Metamath Proof Explorer

Theorem sltmul

Description: An ordering relationship for surreal multiplication.
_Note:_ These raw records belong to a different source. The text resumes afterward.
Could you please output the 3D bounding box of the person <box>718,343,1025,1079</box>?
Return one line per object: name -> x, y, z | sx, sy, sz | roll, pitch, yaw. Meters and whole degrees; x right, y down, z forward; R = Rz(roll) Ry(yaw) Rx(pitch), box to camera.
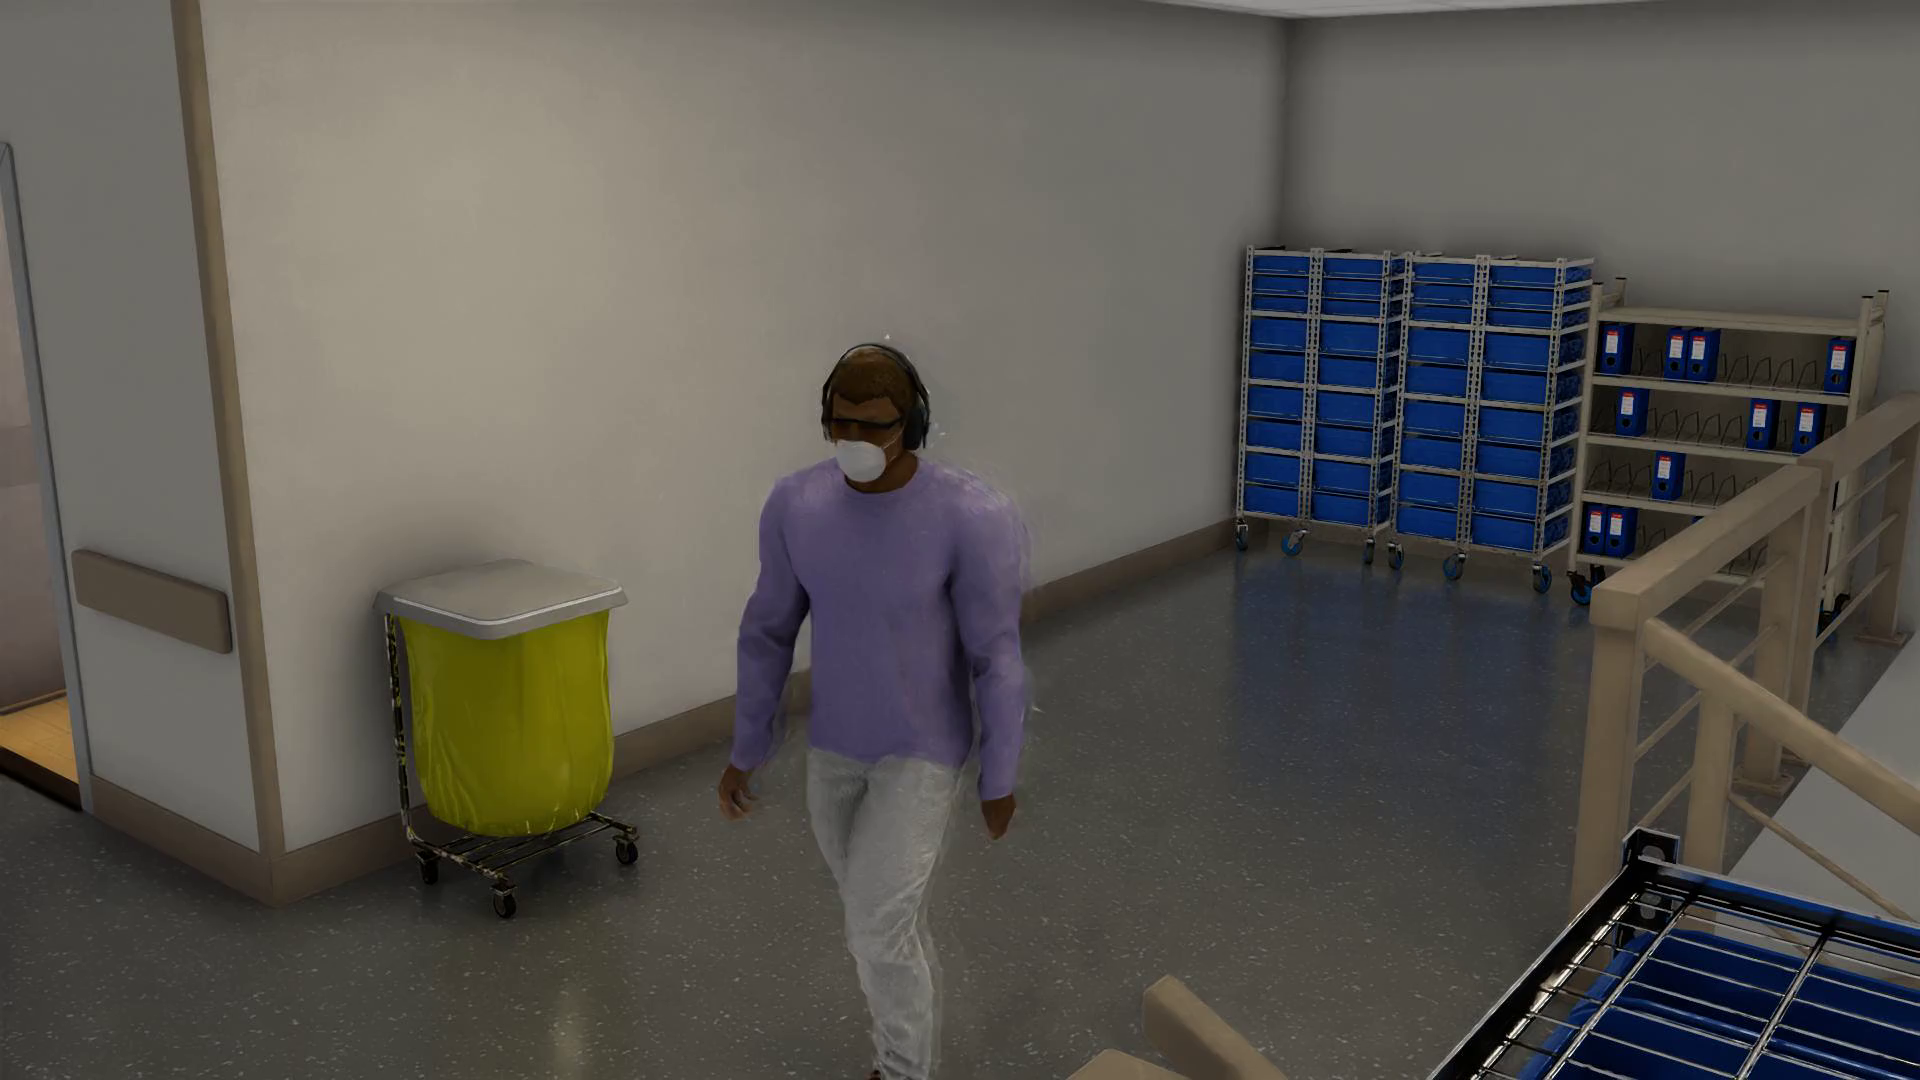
person -> -0.213, 0.513, 3.748 | 0.644, 1.913, 0.649 | 9, 16, 34
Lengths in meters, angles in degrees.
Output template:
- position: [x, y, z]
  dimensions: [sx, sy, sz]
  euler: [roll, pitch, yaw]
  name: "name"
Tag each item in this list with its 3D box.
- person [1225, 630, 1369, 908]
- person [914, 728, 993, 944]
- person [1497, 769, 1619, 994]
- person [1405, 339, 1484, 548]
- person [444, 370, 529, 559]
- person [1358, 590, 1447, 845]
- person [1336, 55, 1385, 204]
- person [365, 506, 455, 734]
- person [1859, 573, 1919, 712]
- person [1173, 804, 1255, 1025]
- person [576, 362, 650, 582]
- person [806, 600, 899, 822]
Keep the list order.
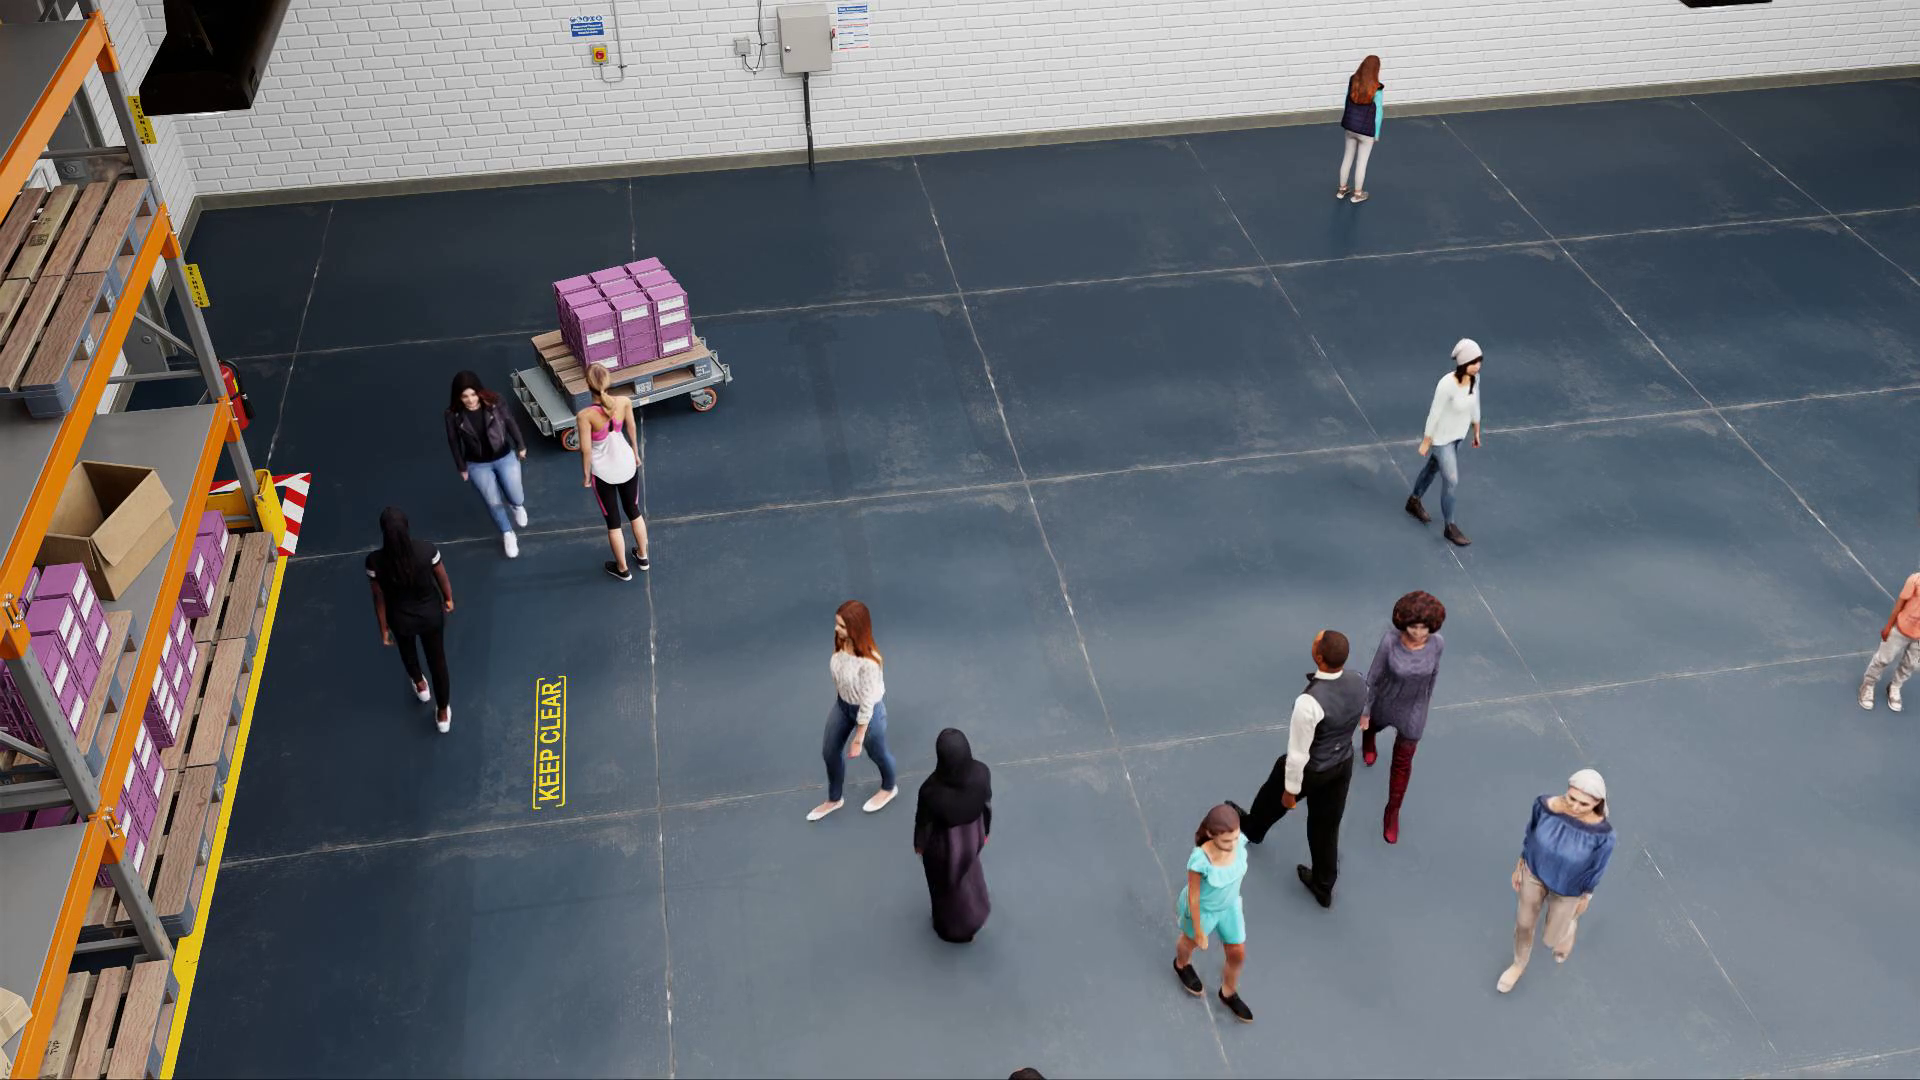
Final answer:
- position: [2.089, 1.354, 9.485]
  dimensions: [0.978, 1.883, 1.234]
  euler: [-20, 43, -23]
  name: "person"
- position: [-0.011, 1.702, 9.269]
  dimensions: [0.719, 1.608, 0.806]
  euler: [-19, 42, -22]
  name: "person"
- position: [3.279, 1.811, 9.073]
  dimensions: [0.867, 1.682, 0.901]
  euler: [32, 48, 33]
  name: "person"
- position: [3.576, -0.811, 12.400]
  dimensions: [0.842, 1.627, 0.996]
  euler: [-25, 45, -28]
  name: "person"
- position: [-3.448, -0.619, 12.164]
  dimensions: [0.728, 1.623, 0.768]
  euler: [-15, 41, -18]
  name: "person"
- position: [2.658, 0.943, 10.174]
  dimensions: [0.803, 1.665, 1.185]
  euler: [3, 39, 4]
  name: "person"
- position: [4.005, -4.119, 16.644]
  dimensions: [0.677, 1.501, 0.747]
  euler: [30, 47, 32]
  name: "person"
- position: [-3.458, 0.551, 10.623]
  dimensions: [0.706, 1.717, 0.860]
  euler: [-12, 40, -15]
  name: "person"
- position: [6.291, 0.550, 10.952]
  dimensions: [0.576, 1.308, 0.605]
  euler: [11, 40, 13]
  name: "person"
- position: [1.313, 1.928, 9.042]
  dimensions: [0.705, 1.539, 0.871]
  euler: [-21, 43, -24]
  name: "person"
- position: [-2.472, -0.485, 11.865]
  dimensions: [0.692, 1.787, 0.694]
  euler: [-29, 47, -31]
  name: "person"
- position: [-0.524, 1.013, 10.054]
  dimensions: [0.868, 1.705, 0.880]
  euler: [-27, 46, -30]
  name: "person"
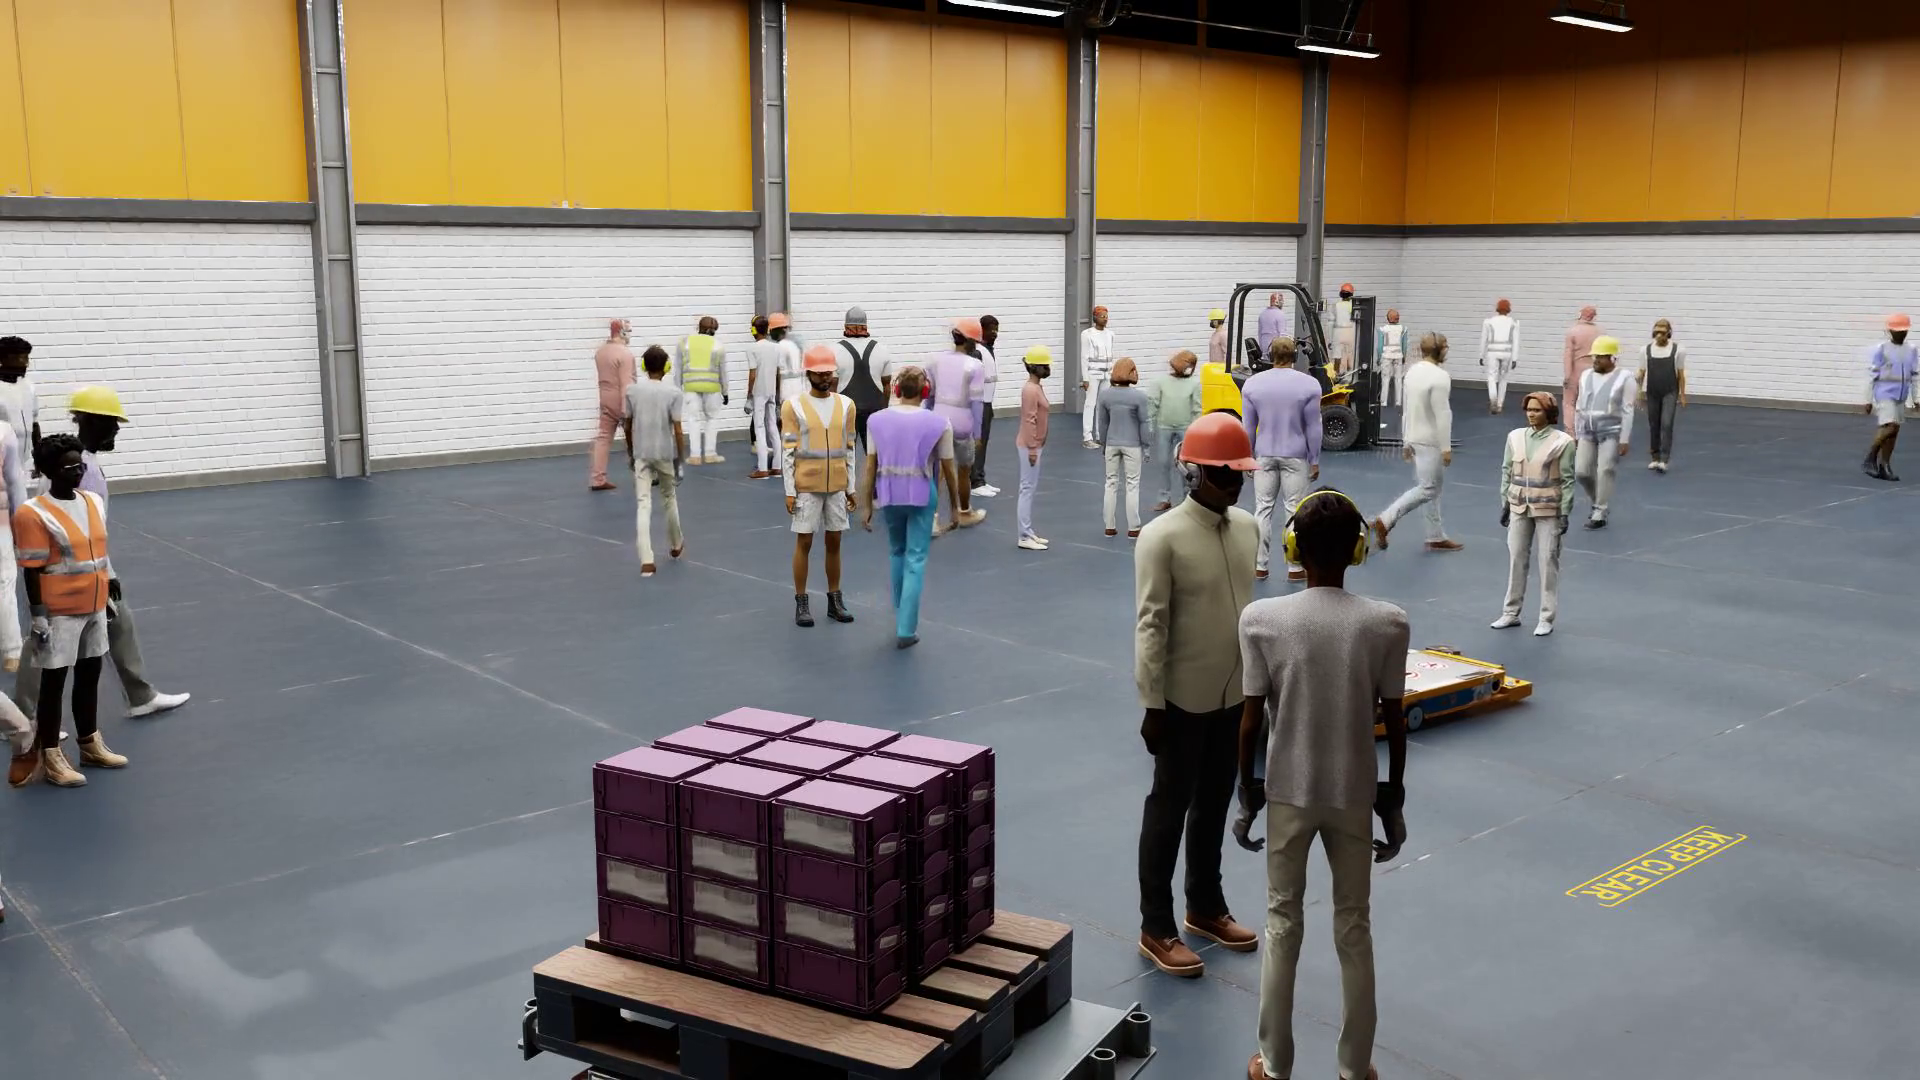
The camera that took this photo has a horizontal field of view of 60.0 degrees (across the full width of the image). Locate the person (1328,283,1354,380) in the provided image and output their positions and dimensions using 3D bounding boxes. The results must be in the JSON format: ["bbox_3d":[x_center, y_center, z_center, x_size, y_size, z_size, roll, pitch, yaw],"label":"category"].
[{"bbox_3d":[7.039,-3.670,30.416,0.614,2.042,0.373,4,10,20],"label":"person"}]

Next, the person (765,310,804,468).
[{"bbox_3d":[-2.056,-1.819,20.012,0.663,1.908,0.827,9,13,44],"label":"person"}]

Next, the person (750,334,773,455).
[{"bbox_3d":[-2.536,-1.933,21.255,0.318,1.698,0.539,1,10,8],"label":"person"}]

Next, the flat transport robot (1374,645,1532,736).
[{"bbox_3d":[2.492,0.824,9.291,1.431,0.197,0.652,-7,12,-36],"label":"flat transport robot"}]

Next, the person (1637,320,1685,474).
[{"bbox_3d":[8.201,-1.679,19.517,0.525,1.786,0.941,6,12,33],"label":"person"}]

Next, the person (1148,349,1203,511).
[{"bbox_3d":[2.154,-1.085,16.548,0.581,1.618,0.343,1,10,4],"label":"person"}]

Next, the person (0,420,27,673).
[{"bbox_3d":[-5.979,-0.086,10.042,0.634,1.835,0.429,-5,11,-27],"label":"person"}]

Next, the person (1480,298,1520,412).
[{"bbox_3d":[8.727,-2.970,26.869,0.578,1.861,0.785,2,10,10],"label":"person"}]

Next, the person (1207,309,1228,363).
[{"bbox_3d":[3.771,-2.503,24.396,0.329,1.767,0.529,-2,10,-12],"label":"person"}]

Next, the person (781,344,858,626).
[{"bbox_3d":[-0.952,-0.377,11.449,0.545,1.938,0.359,-5,11,-26],"label":"person"}]

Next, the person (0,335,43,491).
[{"bbox_3d":[-7.696,-0.680,13.327,1.003,1.917,0.655,2,10,10],"label":"person"}]

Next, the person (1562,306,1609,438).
[{"bbox_3d":[8.402,-2.208,22.386,0.672,1.868,0.464,-1,10,-8],"label":"person"}]

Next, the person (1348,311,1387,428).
[{"bbox_3d":[5.841,-2.569,24.445,0.936,1.894,0.604,-3,10,-17],"label":"person"}]

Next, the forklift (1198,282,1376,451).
[{"bbox_3d":[4.328,-2.346,22.227,2.313,2.155,1.214,3,10,16],"label":"forklift"}]

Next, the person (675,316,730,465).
[{"bbox_3d":[-3.156,-1.822,20.338,0.664,1.804,0.539,0,10,1],"label":"person"}]

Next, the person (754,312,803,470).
[{"bbox_3d":[-1.955,-1.723,19.499,0.978,1.887,0.538,2,10,12],"label":"person"}]

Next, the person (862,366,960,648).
[{"bbox_3d":[-0.294,-0.238,10.977,0.606,1.811,0.836,3,10,14],"label":"person"}]

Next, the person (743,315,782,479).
[{"bbox_3d":[-2.251,-1.625,18.971,0.311,1.864,0.533,8,13,40],"label":"person"}]

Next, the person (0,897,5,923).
[{"bbox_3d":[-3.863,0.530,6.232,0.406,1.906,0.654,-6,11,-32],"label":"person"}]

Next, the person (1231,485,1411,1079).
[{"bbox_3d":[1.066,0.769,4.932,0.513,1.875,0.328,1,10,7],"label":"person"}]

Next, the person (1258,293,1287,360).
[{"bbox_3d":[5.410,-3.292,28.621,0.399,1.903,0.644,-5,11,-28],"label":"person"}]

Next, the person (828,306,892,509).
[{"bbox_3d":[-1.043,-1.320,16.666,0.684,2.000,0.535,-3,10,-17],"label":"person"}]

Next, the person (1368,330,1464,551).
[{"bbox_3d":[3.909,-0.823,14.136,0.830,1.920,0.637,-1,10,-6],"label":"person"}]

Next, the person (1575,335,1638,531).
[{"bbox_3d":[5.952,-0.988,15.397,0.455,1.817,0.593,-7,12,-37],"label":"person"}]

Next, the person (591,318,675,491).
[{"bbox_3d":[-3.624,-1.477,18.120,0.646,1.863,0.965,9,13,44],"label":"person"}]

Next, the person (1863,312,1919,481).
[{"bbox_3d":[10.504,-1.606,18.710,0.548,1.915,0.414,-2,10,-13],"label":"person"}]

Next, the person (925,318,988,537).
[{"bbox_3d":[-0.056,-1.023,15.160,0.711,1.971,1.019,5,11,28],"label":"person"}]

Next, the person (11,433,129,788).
[{"bbox_3d":[-4.289,0.327,8.030,0.317,1.695,0.540,2,10,13],"label":"person"}]

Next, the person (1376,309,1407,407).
[{"bbox_3d":[7.259,-3.050,27.968,0.515,1.641,0.309,-1,10,-5],"label":"person"}]

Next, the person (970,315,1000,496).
[{"bbox_3d":[0.231,-1.428,17.677,0.395,1.913,0.587,2,10,12],"label":"person"}]

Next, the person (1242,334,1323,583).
[{"bbox_3d":[2.493,-0.628,12.914,0.631,1.940,0.372,4,10,22],"label":"person"}]

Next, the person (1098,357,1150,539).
[{"bbox_3d":[1.479,-0.826,14.957,0.500,1.636,0.282,6,11,30],"label":"person"}]

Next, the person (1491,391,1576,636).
[{"bbox_3d":[3.869,-0.181,11.168,0.314,1.641,0.515,-8,13,-40],"label":"person"}]

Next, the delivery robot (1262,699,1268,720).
[{"bbox_3d":[1.362,0.773,8.486,0.707,0.478,0.477,-2,10,-14],"label":"delivery robot"}]

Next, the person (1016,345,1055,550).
[{"bbox_3d":[0.655,-0.806,14.461,0.331,1.768,0.526,1,10,7],"label":"person"}]

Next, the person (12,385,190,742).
[{"bbox_3d":[-4.662,0.116,8.840,0.872,1.849,0.621,-4,10,-21],"label":"person"}]

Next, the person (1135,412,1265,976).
[{"bbox_3d":[0.875,0.537,5.936,0.625,1.990,0.395,-9,13,-42],"label":"person"}]

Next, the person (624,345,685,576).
[{"bbox_3d":[-2.459,-0.661,13.459,0.515,1.816,1.007,0,10,0],"label":"person"}]

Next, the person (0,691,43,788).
[{"bbox_3d":[-4.627,0.281,7.526,0.608,1.968,0.873,1,10,7],"label":"person"}]

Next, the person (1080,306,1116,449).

Compare theorem 8(iii) of Conway p. 19. (Contributed by Scott Fenton, 5-Mar-2025)

		Ref	Expression
	Assertion	sltmul	⊢ ( ( ( 𝐴 ∈ No ∧ 𝐵 ∈ No ) ∧ ( 𝐶 ∈ No ∧ 𝐷 ∈ No ) ) → ( ( 𝐴 <s 𝐵 ∧ 𝐶 <s 𝐷 ) → ( ( 𝐴 ·_s 𝐷 ) -_s ( 𝐴 ·_s 𝐶 ) ) <s ( ( 𝐵 ·_s 𝐷 ) -_s ( 𝐵 ·_s 𝐶 ) ) ) )

Proof

Step	Hyp	Ref	Expression
1		0sno	⊢ 0_s ∈ No
2	1 1	pm3.2i	⊢ ( 0_s ∈ No ∧ 0_s ∈ No )
3		mulsprop	⊢ ( ( ( 0_s ∈ No ∧ 0_s ∈ No ) ∧ ( 𝐴 ∈ No ∧ 𝐵 ∈ No ) ∧ ( 𝐶 ∈ No ∧ 𝐷 ∈ No ) ) → ( ( 0_s ·_s 0_s ) ∈ No ∧ ( ( 𝐴 <s 𝐵 ∧ 𝐶 <s 𝐷 ) → ( ( 𝐴 ·_s 𝐷 ) -_s ( 𝐴 ·_s 𝐶 ) ) <s ( ( 𝐵 ·_s 𝐷 ) -_s ( 𝐵 ·_s 𝐶 ) ) ) ) )
4	2 3	mp3an1	⊢ ( ( ( 𝐴 ∈ No ∧ 𝐵 ∈ No ) ∧ ( 𝐶 ∈ No ∧ 𝐷 ∈ No ) ) → ( ( 0_s ·_s 0_s ) ∈ No ∧ ( ( 𝐴 <s 𝐵 ∧ 𝐶 <s 𝐷 ) → ( ( 𝐴 ·_s 𝐷 ) -_s ( 𝐴 ·_s 𝐶 ) ) <s ( ( 𝐵 ·_s 𝐷 ) -_s ( 𝐵 ·_s 𝐶 ) ) ) ) )
5	4	simprd	⊢ ( ( ( 𝐴 ∈ No ∧ 𝐵 ∈ No ) ∧ ( 𝐶 ∈ No ∧ 𝐷 ∈ No ) ) → ( ( 𝐴 <s 𝐵 ∧ 𝐶 <s 𝐷 ) → ( ( 𝐴 ·_s 𝐷 ) -_s ( 𝐴 ·_s 𝐶 ) ) <s ( ( 𝐵 ·_s 𝐷 ) -_s ( 𝐵 ·_s 𝐶 ) ) ) )